====== Input data ======
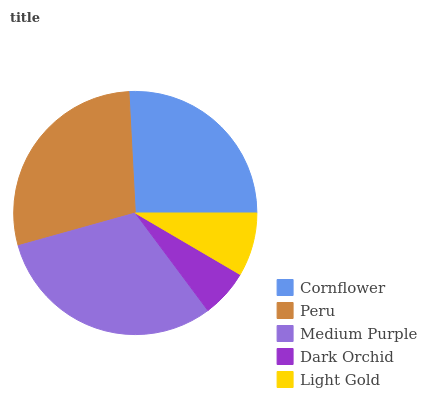Is Dark Orchid the minimum?
Answer yes or no. Yes. Is Medium Purple the maximum?
Answer yes or no. Yes. Is Peru the minimum?
Answer yes or no. No. Is Peru the maximum?
Answer yes or no. No. Is Peru greater than Cornflower?
Answer yes or no. Yes. Is Cornflower less than Peru?
Answer yes or no. Yes. Is Cornflower greater than Peru?
Answer yes or no. No. Is Peru less than Cornflower?
Answer yes or no. No. Is Cornflower the high median?
Answer yes or no. Yes. Is Cornflower the low median?
Answer yes or no. Yes. Is Dark Orchid the high median?
Answer yes or no. No. Is Dark Orchid the low median?
Answer yes or no. No.
======
■ **To do**
Starting at the line that contains "Answer yes or no. No. Is Dark", copy each line through the last line of the listing, and copy nothing else.

■ **Answer box**
Answer yes or no. No. Is Dark Orchid the low median?
Answer yes or no. No.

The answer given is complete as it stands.